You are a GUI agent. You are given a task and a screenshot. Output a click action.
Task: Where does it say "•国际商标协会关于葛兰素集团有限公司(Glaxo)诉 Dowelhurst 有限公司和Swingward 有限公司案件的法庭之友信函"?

★ ★ ★ ★ ★ ★ ★

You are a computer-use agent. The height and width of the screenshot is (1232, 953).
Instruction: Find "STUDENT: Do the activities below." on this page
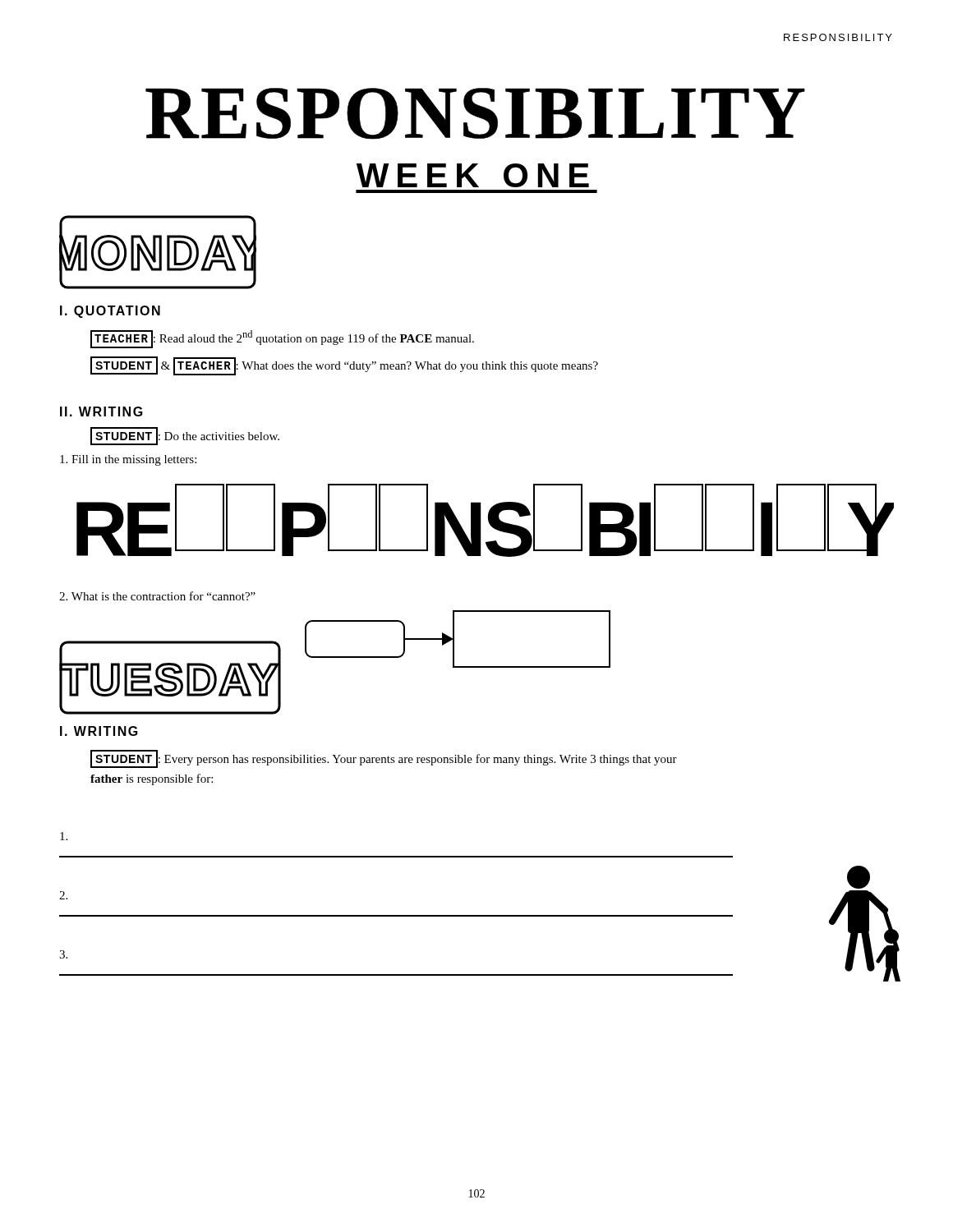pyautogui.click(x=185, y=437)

★ ★ ★ ★ ★ ★ ★

- _Work to be completed_
Where a line in the material contains "agent", copy that line.

- _Answer area_
You are a GUI agent. You are given a task and a screenshot. Output a click action.
You are a computer-use agent. The height and width of the screenshot is (1232, 953).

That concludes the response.